The retired engineer returned, albeit reluctantly. He spent a day looking the machine over. Then he called everybody together and marked an X in chalk on a particular component. “Replace this, and the machine will work again.” Glory be, he was right! “Send us an invoice,” the boss said.
And the engineer did: for $10,000. “Ten thousand dollars!” the boss cried. “You need to justify that!” The engineer said he’d send an itemized invoice. Here’s how it read:
One chalk mark: $1
Knowing where to put it: $9,999
Testing for risk and impact means knowing where to put it — that is, knowing where to go to find the most serious bugs. You get good at that by building these three mental models:
What impact on the rest of the software will these code changes have? In other words, what is likely not to work as desired after these code changes are made?
This means you have to learn how is the product is designed and built. That doesn’t mean you necessarily have to be able to read code, although it doesn’t hurt. You just have to pay attention as you test the product and listen to the developers’ explanations of the product’s technical details. You will know you’re building this model when you articulate how you think the product is built to a developer and they say something like, “Yeah. Those aren’t exactly the words I’d use, but they’re accurate enough.”
The code mental model helps you assess risk likelihood. “That part of the product is a little brittle, and every time something interacts with it, things are broken,” or, “I know we designed that function to handle a certain throughput, but what we’re contemplating is 10 times that, and so I’m concerned it’ll fold under the pressure.”
What parts of the product, when not working as desired, will be a problem for the customer or user? How severe a problem will it be?
To build this model, form good relationships with your support and implementation teams. You might even do rotations through support from time to time, and review customer-reported problems and seek clarity from support on how difficult they were for customers.
The customer mental model helps you assess impact. “If we ship this bug, customers are going to scream,” or, “I think support can talk customers around this bug,” or, “Customers are probably not going to even notice this bug.”
What parts of the product, when not working as desired, put the company’s revenue or reputation at risk, or interrupts smooth and efficient company operations? How severe a problem will it be?

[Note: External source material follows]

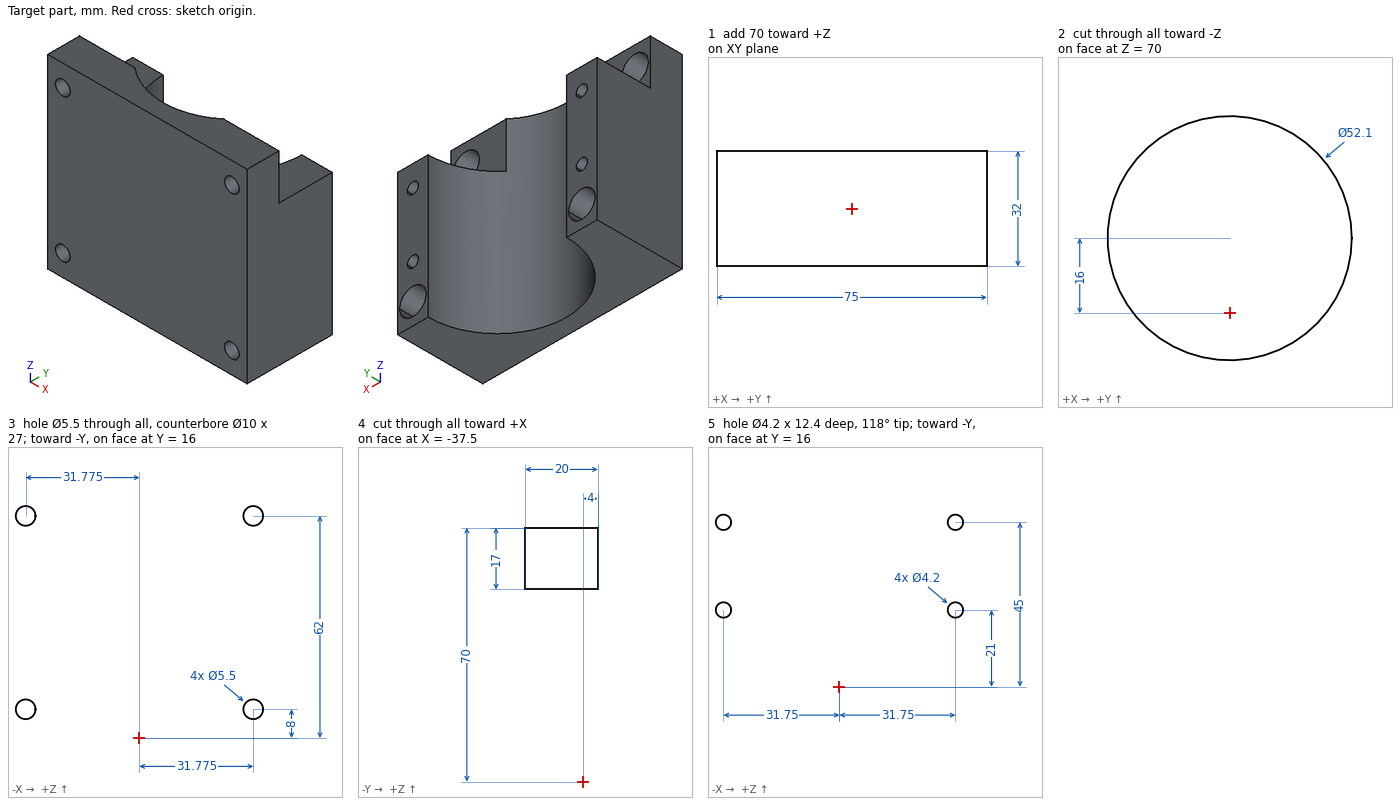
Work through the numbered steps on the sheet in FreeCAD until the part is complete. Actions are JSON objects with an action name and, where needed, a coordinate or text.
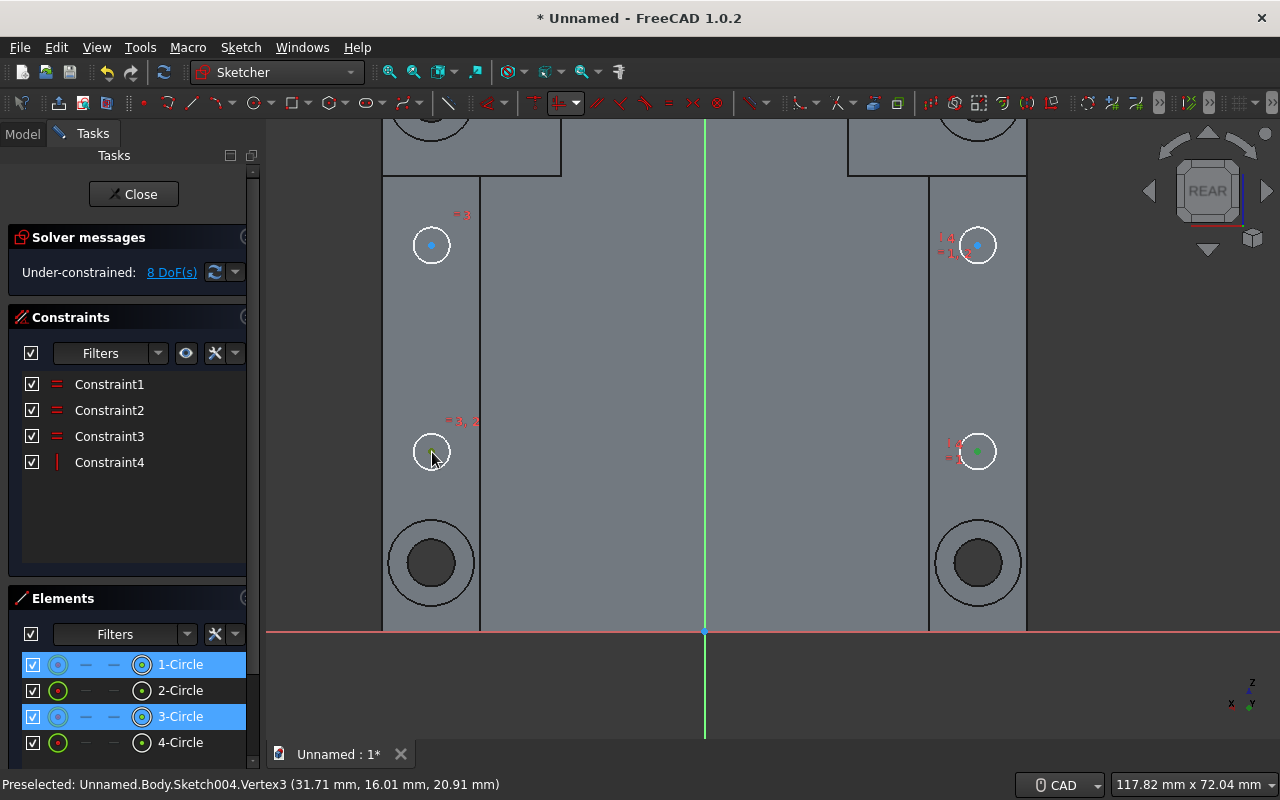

The business mental model gets at how your company makes money and grows the business. This is often the hardest mental model to build, but to the extent you build it, you can make much more nuanced test coverage decisions. To start, you can form an understanding of the kinds of product issues that get customers to call the CEO and threaten to cancel or sue. You can come to understand the kinds of problems that place heavy burden on the support and implementation teams, or would cost the company money in terms of time taken away from revenue-generating activity or services given for free to help regain an angry customer’s trust.
Come to understand which customers, especially the most lucrative ones, are up for renewal soon, and which are unhappy with your company and why.
The business mental model helps you further assess impact. “If this doesn’t perform well, customers are going to quit us,” or, “Bugs in this part of the product always flood us with calls and disrupt our ability to deliver more software.”